# Stickam furries



## Silvana (Nov 24, 2010)

Looking for some furs that use stickam.You do not have to get on cam of course, Very seldom do i. Typically the room doesn't get going until the evening but if you are interested here is the link: http://www.stickam.com/member/loadChatRoom.do?roomId=2152923
There are not very many of us so this i wouldn't expect too much but we are all welcoming people, i can assure:3


----------



## Silvana (Nov 24, 2010)

Actually now that i think about this, does this violate ToS in any way?


----------



## Gavrill (Nov 24, 2010)

Silvana said:


> Actually now that i think about this, does this violate ToS in any way?


 
May be considered advertisement?
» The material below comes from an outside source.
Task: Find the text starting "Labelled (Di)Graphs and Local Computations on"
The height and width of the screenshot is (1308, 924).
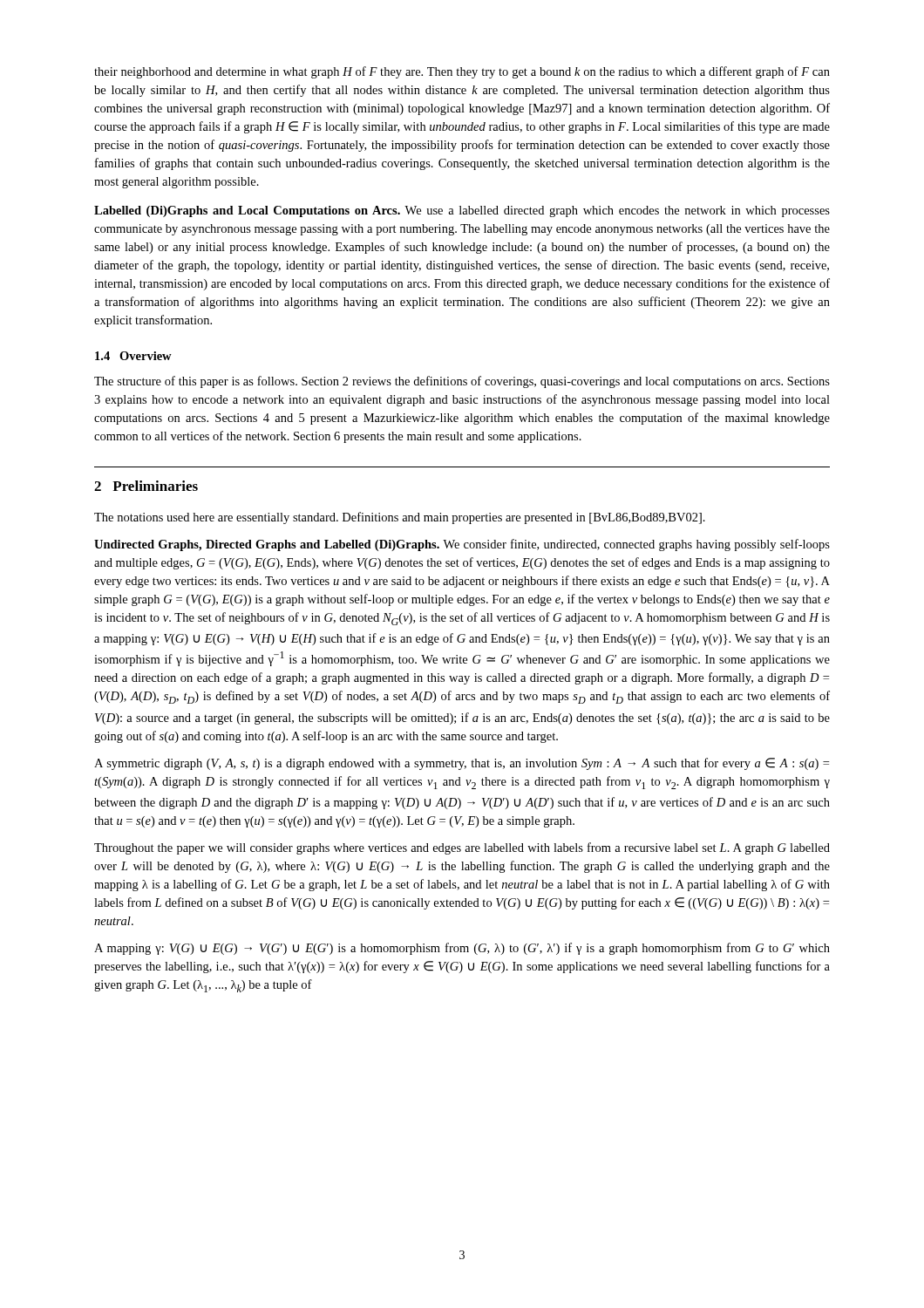Action: click(462, 265)

You can put it in your sig, though.


----------



## CynicalCirno (Nov 24, 2010)

Advertising other sites that are yours or not yours is strictly against the rules
Double posting is horrible

AND I would suggest reading the ToS BEFORE posting a thread, mmmkay?


----------



## Ikrit (Nov 24, 2010)

Silvana said:


> Actually now that i think about this, does this violate ToS in any way?


 probably
and if it isn't, it would get derailed anyway


----------



## Cam (Nov 24, 2010)

Screw stickam, im still waiting for Deo to be unbanned for another circlejerk <3


----------



## Silvana (Nov 24, 2010)

Alright, thank you for the sig idea


----------